– Я действительно вымотался.
– Могу я чем-то помочь?
– Просто побудь со мной.
Ник берет меня на руки и поднимает с дивана. Мои пальцы перебирают его волосы, губы целуют его губы. В спальне, лежа на мягком матрасе, я вдыхаю запах простынь, который кажется мне таким знакомым, что хочется заплакать.
Я зла на окружающий мир, я испугана, я ужасно скучала по Нику. Сейчас эти три чувства тянут меня в разные стороны, грозя разорвать. Логика и сердце, дорогие мне люди и моя родина – я не знаю, чему и кому отдать предпочтение.

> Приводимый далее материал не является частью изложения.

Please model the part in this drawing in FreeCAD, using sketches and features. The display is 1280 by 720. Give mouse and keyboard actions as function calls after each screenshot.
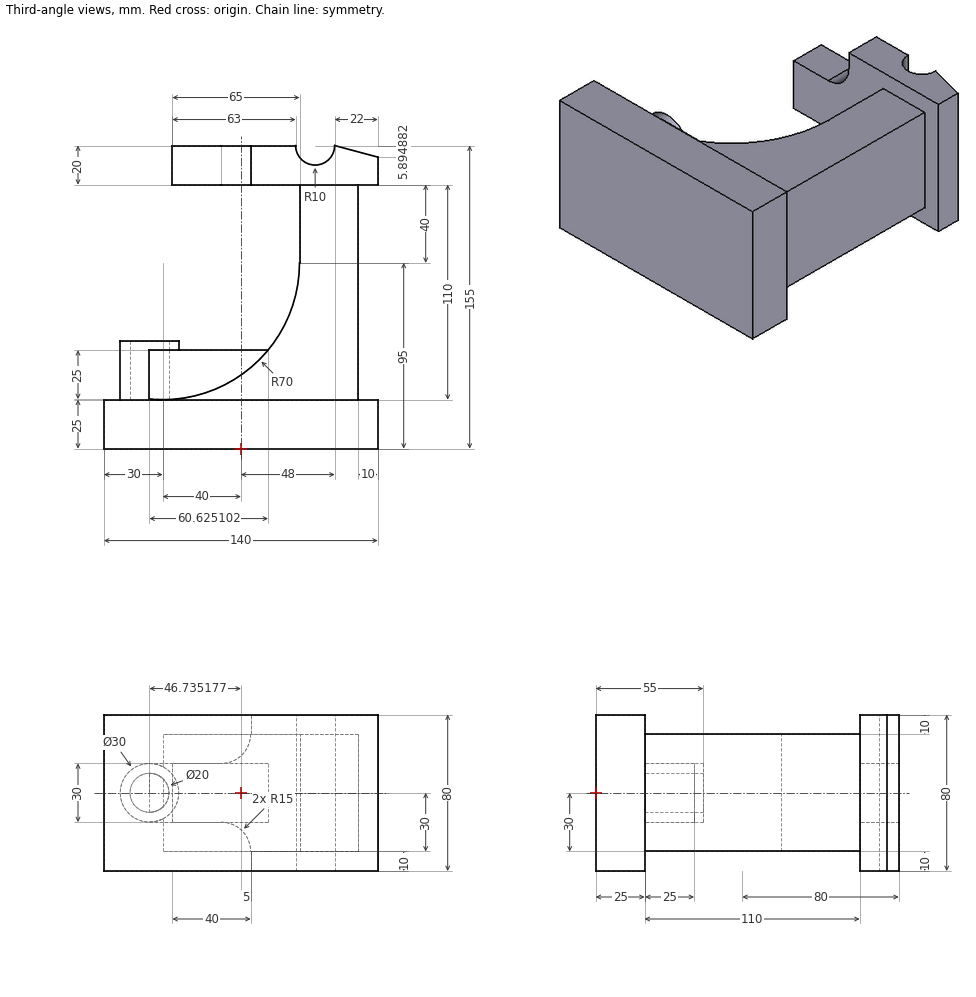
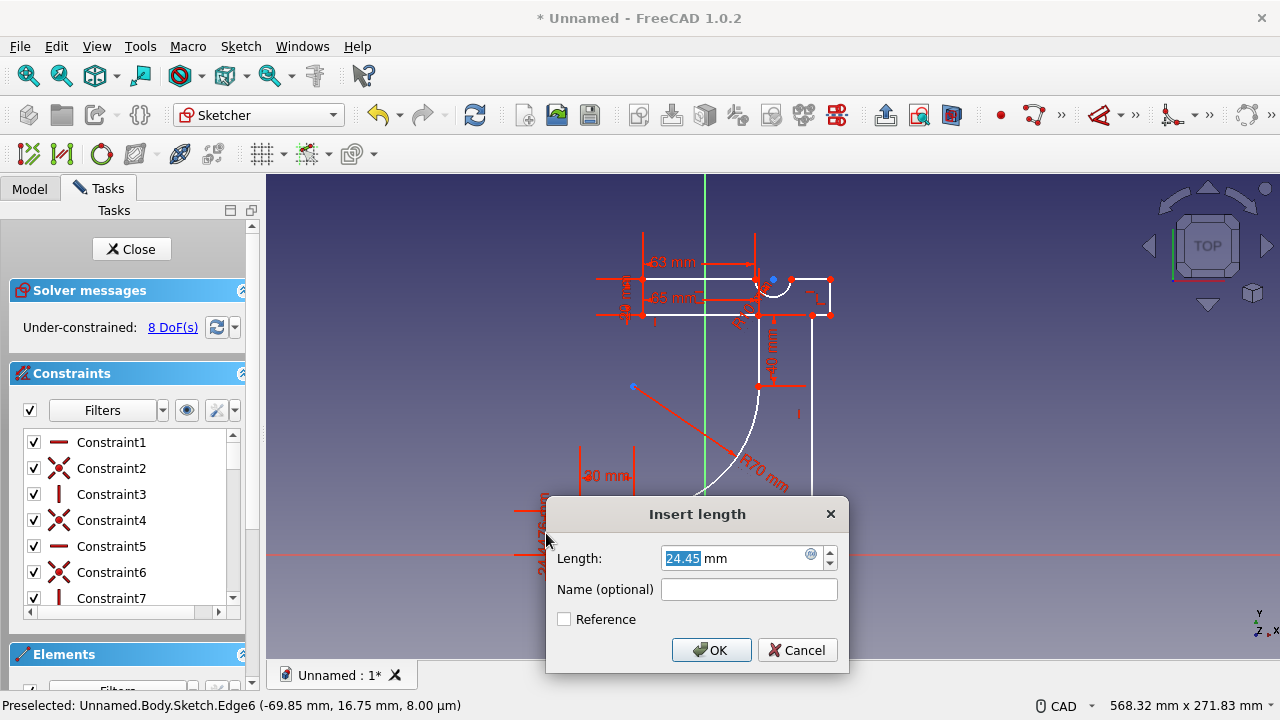
text(25)
key(Return)

– Я люблю тебя, – шепчет Ник, задевая губами мочку моего уха. – Очень сильно.
В неподвижной темноте ночи, когда ядерная война стучится в дверь нашего убежища, я наконец-то отваживаюсь озвучить то, что так долго чувствовала:
– Я тоже тебя люблю.
Несмотря на безумие окружающего мира, в джорджтаунской квартире Ника мы налаживаем нечто напоминающее размеренную семейную жизнь. После обращения Кеннеди к населению Ник целыми днями работает со своими коллегами-сенаторами, с президентом и советниками, а к ночи возвращается домой уставший и взволнованный. Едим мы очень поздно, за столом разговариваем о политике.
После одного из полуночных ужинов я усаживаюсь в гостиной на диван с бокалом вина и, сделав глоток, спрашиваю:
– Как сейчас Кеннеди?
– Осторожен… – Ник качает головой. – Сейчас нам нужно рассуждать спокойно и хладнокровно. Президент это понимает. Он знает, как много поставлено на карту и во что нам обойдется неверное решение. Он за блокаду. Надеется таким образом выиграть время.

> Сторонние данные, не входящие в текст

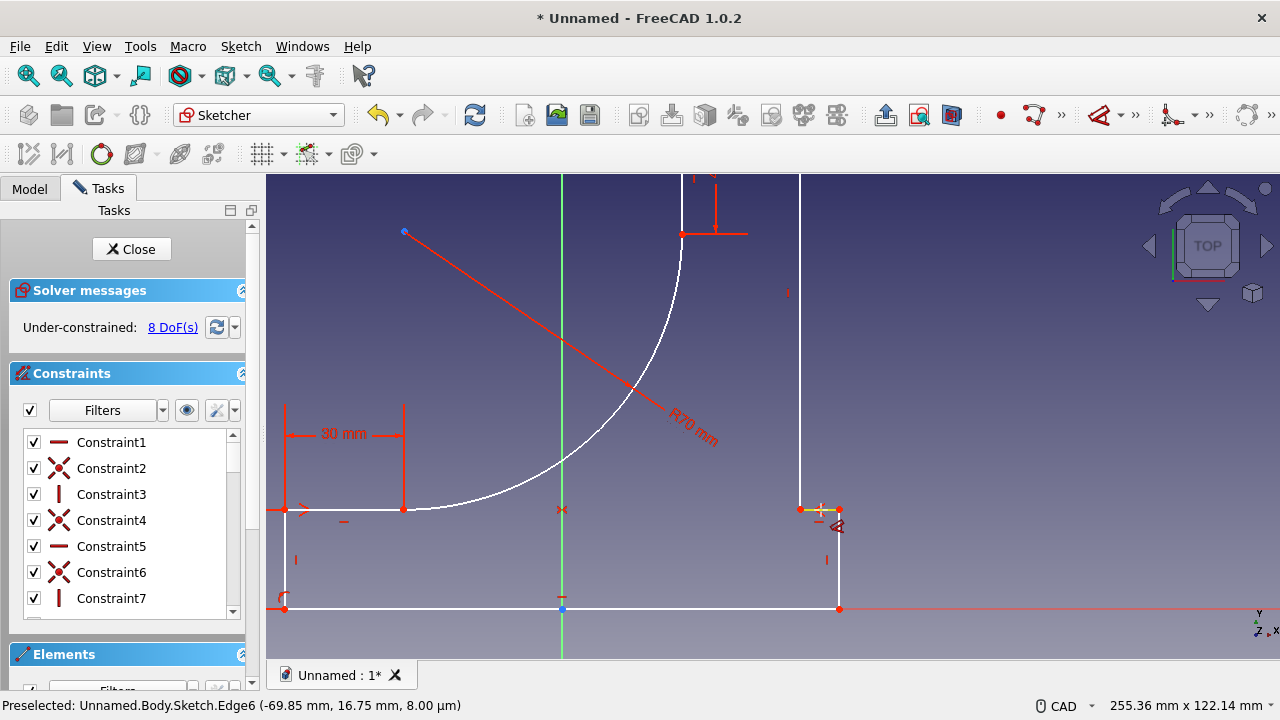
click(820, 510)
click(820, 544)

Переговоры легли тяжелым грузом на плечи Ника и других политиков, пытающихся решить проблему дипломатическим путем. Захотят ли Кастро и Хрущев проявить здравомыслие – пока вопрос.
– А как ты?
Я целую Ника в щеку и, обвив руками широкие плечи, прижимаюсь к нему; моя грудь чувствует его сердцебиение.
– Устал, черт возьми, ужасно устал.
Я забираю у него стакан скотча и ставлю на журнальный столик, а потом тянусь к галстуку и расслабляю узел. Положив голову мне на колени, Ник смотрит в потолок. Зубы стиснуты. Напряженные мышцы плеч, которые я массирую, говорят о бремени навалившихся забот.
Я тоже плохо помню, каково это – чувствовать под ногами твердую землю.
Теперь я каждый день разговариваю с Элизой. Она рассказывает, что в школе Марию учат падать на землю и прятать голову, поджимая руки и ноги. Родители напуганы. Это так нам знакомо – всепроникающее чувство незащищенности, страх перед будущим.
В газетах пишут о нехватке товаров, вызванной тем, что население делает запасы.